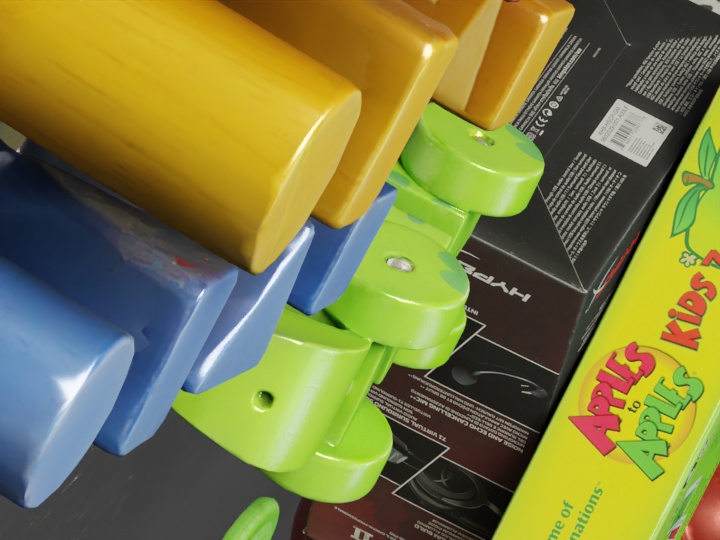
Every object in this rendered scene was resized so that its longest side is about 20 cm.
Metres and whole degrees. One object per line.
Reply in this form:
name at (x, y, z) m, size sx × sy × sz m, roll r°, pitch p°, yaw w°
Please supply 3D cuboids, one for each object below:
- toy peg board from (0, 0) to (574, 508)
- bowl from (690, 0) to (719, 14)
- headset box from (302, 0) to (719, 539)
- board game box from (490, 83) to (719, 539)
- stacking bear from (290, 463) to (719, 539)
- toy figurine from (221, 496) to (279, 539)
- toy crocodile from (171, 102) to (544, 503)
toy peg board at (-0.001, -0.051, 0.377) m, size 0.200 × 0.098 × 0.200 m, roll -62°, pitch 171°, yaw 16°
bowl at (0.144, -0.102, 1.055) m, size 0.201 × 0.094 × 0.201 m, roll -56°, pitch 171°, yaw -14°
headset box at (0.056, 0.014, 0.951) m, size 0.149 × 0.077 × 0.200 m, roll -52°, pitch 165°, yaw -40°
board game box at (0.104, 0.033, 0.902) m, size 0.200 × 0.048 × 0.102 m, roll -63°, pitch 168°, yaw 1°
stacking bear at (0.083, 0.117, 1.074) m, size 0.121 × 0.199 × 0.114 m, roll -138°, pitch -140°, yaw -60°
toy figurine at (-0.002, 0.187, 0.898) m, size 0.200 × 0.184 × 0.150 m, roll -48°, pitch 167°, yaw -54°
toy crocodile at (0.000, 0.000, 0.721) m, size 0.068 × 0.062 × 0.200 m, roll -64°, pitch 175°, yaw 29°
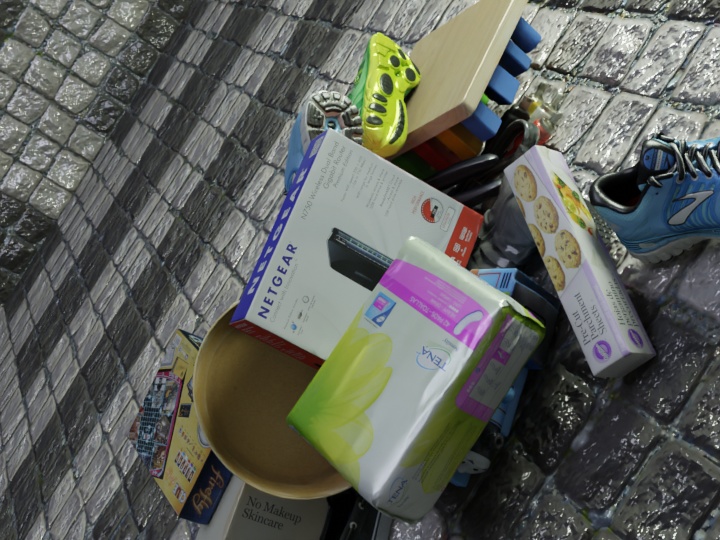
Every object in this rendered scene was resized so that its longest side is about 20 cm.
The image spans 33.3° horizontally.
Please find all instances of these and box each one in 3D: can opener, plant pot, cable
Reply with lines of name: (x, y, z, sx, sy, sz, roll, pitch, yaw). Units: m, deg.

^^^^

* [Problem] Write out exactly the lines that run from the top of the listing above to the line containing "Please find all", both ends included. Omit every picture.

* [Written response]
Every object in this rendered scene was resized so that its longest side is about 20 cm.
Metres and whole degrees. One object per line.
Reply in this form:
name at (x, y, z) m, size sx × sy × sz m, roll r°, pitch p°, yaw w°
Please supply 3D cuboids, one for each object below:
- toy peg board from (0, 0) to (574, 508)
- bowl from (690, 0) to (719, 14)
- headset box from (302, 0) to (719, 539)
- board game box from (490, 83) to (719, 539)
- stacking bear from (290, 463) to (719, 539)
- toy figurine from (221, 496) to (279, 539)
- toy crocodile from (171, 102) to (544, 503)
toy peg board at (-0.001, -0.051, 0.377) m, size 0.200 × 0.098 × 0.200 m, roll -62°, pitch 171°, yaw 16°
bowl at (0.144, -0.102, 1.055) m, size 0.201 × 0.094 × 0.201 m, roll -56°, pitch 171°, yaw -14°
headset box at (0.056, 0.014, 0.951) m, size 0.149 × 0.077 × 0.200 m, roll -52°, pitch 165°, yaw -40°
board game box at (0.104, 0.033, 0.902) m, size 0.200 × 0.048 × 0.102 m, roll -63°, pitch 168°, yaw 1°
stacking bear at (0.083, 0.117, 1.074) m, size 0.121 × 0.199 × 0.114 m, roll -138°, pitch -140°, yaw -60°
toy figurine at (-0.002, 0.187, 0.898) m, size 0.200 × 0.184 × 0.150 m, roll -48°, pitch 167°, yaw -54°
toy crocodile at (0.000, 0.000, 0.721) m, size 0.068 × 0.062 × 0.200 m, roll -64°, pitch 175°, yaw 29°
Every object in this rendered scene was resized so that its longest side is about 20 cm.
The image spans 33.3° horizontally.
Please find all instances of these and box each one in 3D: can opener, plant pot, cable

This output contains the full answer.